I had to take myself to the hospital to get my ovaries removed. So that I will stop producing estrogen… at least I am alive. I am surviving. I’m well. I didn’t have kids … I did surrogacy. I have my baby, she was a year last month… just last Sunday… I don’t care what people think… even in my office when I had my baby, they sent me on maternity leave, everybody [says] ‘we didn’t see her with pregnancy, how come?’. It’s their business o, it’s not my [business] … na me get pikin na you get your story [people who gossip, own the story, but I own the baby]. I didn’t tell you, guys, that when I was diagnosed, I was going through a divorce. But at least I am doing well, I am perfectly ok.

Quddux illustrated how she overcame the shame and stigma associated with cancer and the social situations that BC patients must navigate in their daily lives. Clearly, her decision is propelled by the goal of saving her life from cancer and living her life happily.

3. “God helped me”.

This theme reflects the religious belief and faith that “God” played a role in reducing the burden of cancer and contributed to participants’ healing. This religious belief and faith were reported by most of the participants at different levels. While so many of the participants were thankful to God for sparing their lives from cancer death, others reported that their belief, faith, and trust in God contributed to their cancer remission. Hebchi (FG1) shared her story [passionately]:

When I was first diagnosed, I was afraid. I cried. But I know that [there is] nothing God cannot do because I am a church person, I am always going to church and listening to even my pastors pray along with me, but I make sure I take my treatment and after the treatment, though I’m still feeling some pains, I know that, even inside me, I know I am healed. Medication is just formality…

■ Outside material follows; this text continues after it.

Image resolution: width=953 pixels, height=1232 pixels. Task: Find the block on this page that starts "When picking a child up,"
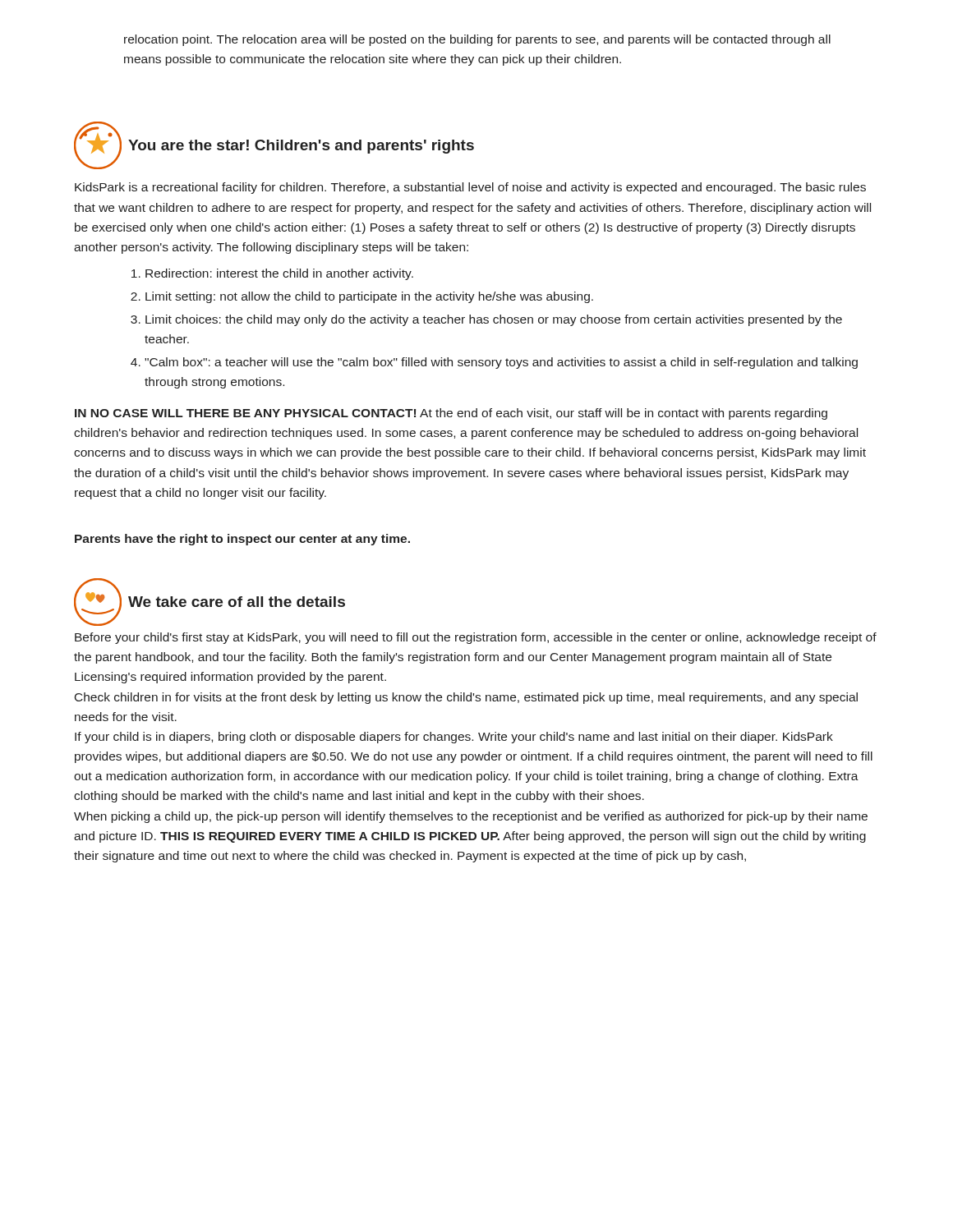471,835

Interestingly, Hebchi stressed the importance of cancer treatment amidst her religious belief regarding healing from cancer. This is not an isolated case. Just like Hebchi, Ellban (FG1) added “Ok, I take everything normal, I live a normal life because I know that with God all things are possible. So, there is nothing too big in the eyes of God. So, for that reason, I have no fear, I have been taking my treatment. By the grace of God; I have been doing well.” Larabi (FG2) added, “We spent a lot of money, borrowing money and all that. So here I am today, I have done most of my chemotherapy. I thank ‘God’ I am doing ok. I have pains here and there, but I believe ‘God’ that I am going to live out my number of years.” Hebchi, Ellban, and Larabi narrate their faith in God to bring healing for their cancer while referencing that they are taking their cancer treatment and care.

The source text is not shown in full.